Assignment =
The answer must consist of every line below containing "roll".

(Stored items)
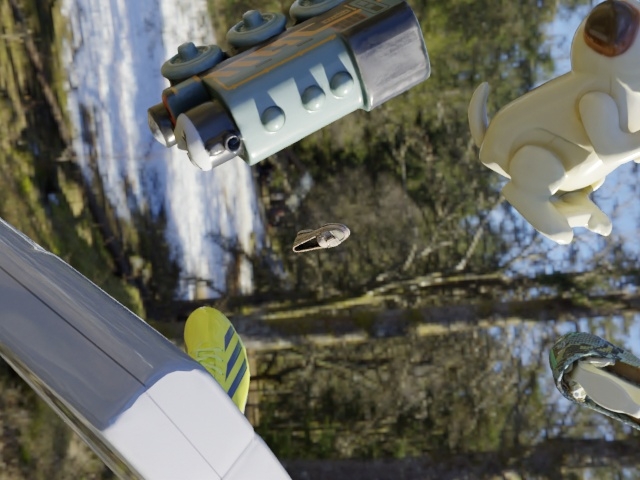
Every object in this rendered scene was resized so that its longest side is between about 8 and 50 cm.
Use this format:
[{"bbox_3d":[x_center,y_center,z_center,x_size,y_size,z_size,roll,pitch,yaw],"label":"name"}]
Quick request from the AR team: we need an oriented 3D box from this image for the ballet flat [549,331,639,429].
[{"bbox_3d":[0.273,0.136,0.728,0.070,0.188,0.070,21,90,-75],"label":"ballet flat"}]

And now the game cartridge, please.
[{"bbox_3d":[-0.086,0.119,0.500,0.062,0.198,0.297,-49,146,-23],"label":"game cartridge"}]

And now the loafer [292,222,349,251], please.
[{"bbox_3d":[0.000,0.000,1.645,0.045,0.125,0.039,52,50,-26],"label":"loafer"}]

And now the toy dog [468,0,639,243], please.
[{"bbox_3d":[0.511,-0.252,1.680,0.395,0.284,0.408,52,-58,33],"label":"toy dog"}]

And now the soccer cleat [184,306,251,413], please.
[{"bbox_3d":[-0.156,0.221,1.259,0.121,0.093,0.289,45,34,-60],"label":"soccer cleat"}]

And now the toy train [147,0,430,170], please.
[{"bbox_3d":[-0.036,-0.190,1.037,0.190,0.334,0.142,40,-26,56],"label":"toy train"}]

...

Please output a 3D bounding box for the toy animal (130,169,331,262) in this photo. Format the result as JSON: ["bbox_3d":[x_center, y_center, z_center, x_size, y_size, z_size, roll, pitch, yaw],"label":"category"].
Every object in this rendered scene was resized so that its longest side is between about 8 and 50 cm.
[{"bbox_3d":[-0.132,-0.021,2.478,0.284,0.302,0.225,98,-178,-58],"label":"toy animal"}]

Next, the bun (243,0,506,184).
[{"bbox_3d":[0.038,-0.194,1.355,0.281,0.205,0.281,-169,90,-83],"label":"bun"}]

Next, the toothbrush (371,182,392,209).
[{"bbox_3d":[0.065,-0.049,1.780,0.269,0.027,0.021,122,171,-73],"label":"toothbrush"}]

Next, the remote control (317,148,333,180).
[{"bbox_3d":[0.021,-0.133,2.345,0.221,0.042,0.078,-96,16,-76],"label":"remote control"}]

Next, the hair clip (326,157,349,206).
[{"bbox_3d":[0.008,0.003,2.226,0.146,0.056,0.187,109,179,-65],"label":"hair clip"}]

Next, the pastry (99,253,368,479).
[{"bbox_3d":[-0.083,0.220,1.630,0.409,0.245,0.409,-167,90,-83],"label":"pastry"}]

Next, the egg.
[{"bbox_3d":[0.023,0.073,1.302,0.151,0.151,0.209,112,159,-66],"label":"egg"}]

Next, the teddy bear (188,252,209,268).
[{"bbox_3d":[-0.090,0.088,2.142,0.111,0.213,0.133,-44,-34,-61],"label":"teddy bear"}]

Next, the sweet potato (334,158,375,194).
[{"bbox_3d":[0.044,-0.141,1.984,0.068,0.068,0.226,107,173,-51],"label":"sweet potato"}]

Output for this exercise =
[{"bbox_3d":[x_center,y_center,z_center,x_size,y_size,z_size,roll,pitch,yaw],"label":"name"}]
Please output a 3D bounding box for the toy animal (130,169,331,262) in this photo. Format the result as JSON: ["bbox_3d":[x_center, y_center, z_center, x_size, y_size, z_size, roll, pitch, yaw],"label":"category"].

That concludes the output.